Hereinafter, the other constituting material of the low pressure turbine will be described below.
(1) The low pressure steam turbine rotor shaft is preferably constituted by a low alloy steel having a fully temper bainite structure containing in weight 0.2 to 0.35% of C, 0.1% or less of Si, 0.2% or less of Mn, 3.25 to 4.25% of Cr, 0.1 to 0.6% of Mo, and 0.05 to 0.25% of V, and is preferably manufactured in accordance with the same manufacturing method as that of the high pressure and intermediate pressure rotor shaft mentioned above. In particular, it is preferable to manufacture in a super cleaning manner which uses a raw material having an impurity such as P, S, As, Sb, Sn and the like which is made as low as possible in addition to 0.01 to 0.5% of Si and 0.05 to 0.2% of Mn, whereby a total amount of the impurity in the employed raw material is reduced to a level of 0.025 or less. 0.010% or less of P and S, 0.005% or less of Sn and As and 0.001% of Sb are preferable.
(2) The other stages than the final stage of the low pressure turbine plate and the nozzle are preferably constituted by a fully temper martensite steel containing 0.05 to 0.2% of C, 0.1 to 0.5% of Si, 0.2 to 1.0% of Mn, 10 to 13% of Cr, 0.04 to 0.2% of Mo.
(3) The internal and external casings for the low pressure turbine are both constituted by a carbon casting steel containing 0.2 to 0.3% of C, 0.3 to 0.7% of Si and 1% or less of Mn.

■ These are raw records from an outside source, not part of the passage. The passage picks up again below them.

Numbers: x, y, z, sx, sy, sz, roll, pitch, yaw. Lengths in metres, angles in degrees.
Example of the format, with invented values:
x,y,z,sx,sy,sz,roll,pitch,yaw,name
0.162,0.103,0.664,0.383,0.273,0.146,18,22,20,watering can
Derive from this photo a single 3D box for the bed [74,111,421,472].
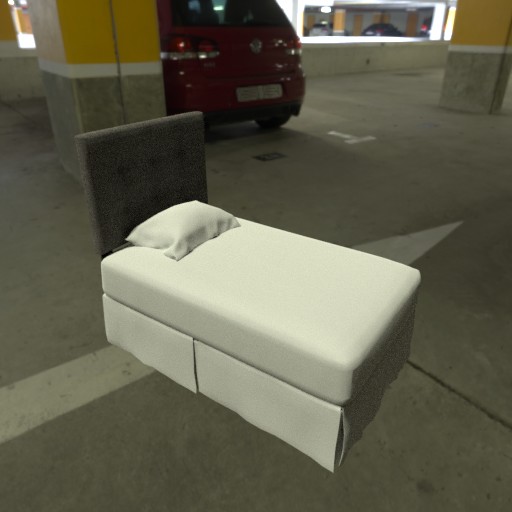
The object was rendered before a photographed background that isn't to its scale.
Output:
x,y,z,sx,sy,sz,roll,pitch,yaw,name
0.000,0.000,2.996,1.997,1.571,1.261,18,32,31,bed
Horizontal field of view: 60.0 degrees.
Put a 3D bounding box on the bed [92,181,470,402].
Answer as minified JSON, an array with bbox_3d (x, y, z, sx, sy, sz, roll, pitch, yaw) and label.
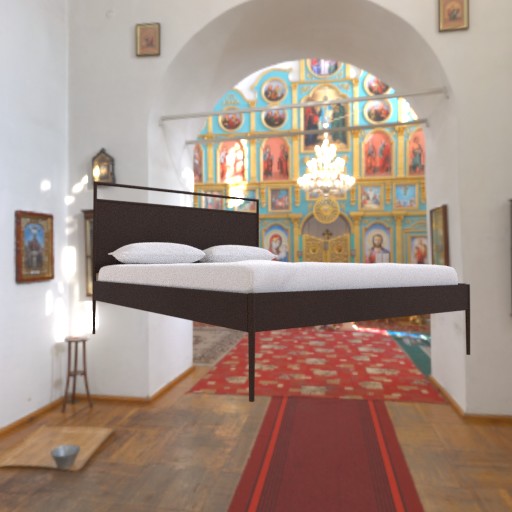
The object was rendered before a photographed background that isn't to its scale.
[{"bbox_3d":[0.000,0.000,3.003,1.572,1.173,2.122,1,-2,-36],"label":"bed"}]
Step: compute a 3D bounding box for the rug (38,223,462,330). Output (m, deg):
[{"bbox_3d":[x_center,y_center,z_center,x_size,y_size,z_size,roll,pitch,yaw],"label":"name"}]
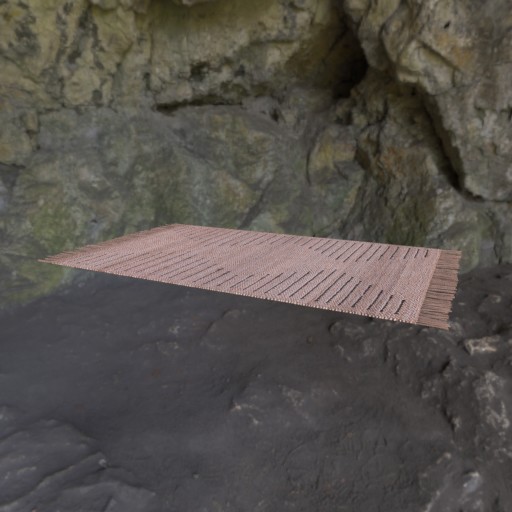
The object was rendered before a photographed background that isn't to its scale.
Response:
[{"bbox_3d":[0.000,0.000,2.487,2.085,0.027,1.224,7,16,25],"label":"rug"}]
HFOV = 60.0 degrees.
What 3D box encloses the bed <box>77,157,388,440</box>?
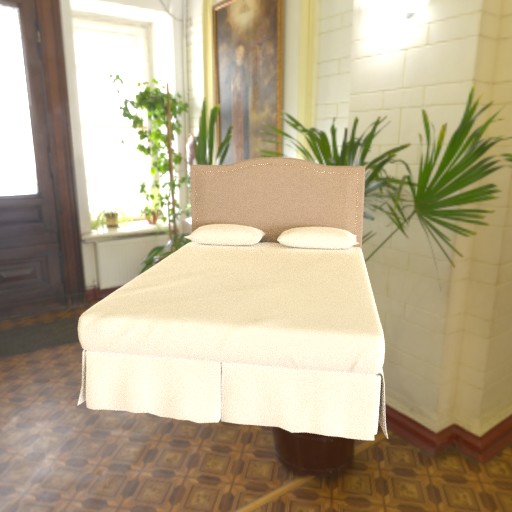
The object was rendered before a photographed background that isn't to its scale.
[{"bbox_3d":[0.000,0.000,3.405,1.821,1.436,2.282,2,14,10],"label":"bed"}]

(4) A main steam stopper valve casing and a steam adjusting valve casing are constituted by a fully temper martensite steel containing 0.1 to 0.2% of C, 0.1 to 0.4% of Si, 0.2 to 1.0% of Mn, 8.5 to 10.5% of Cr, 0.3 to 1.0% of Mo, 1.0 to 3.0% of W, 0.1 to 0.3% of V, 0.03 to 0.1% of Nb, 0.03 to 0.08% of N and 0.0005 to 0.003% of B.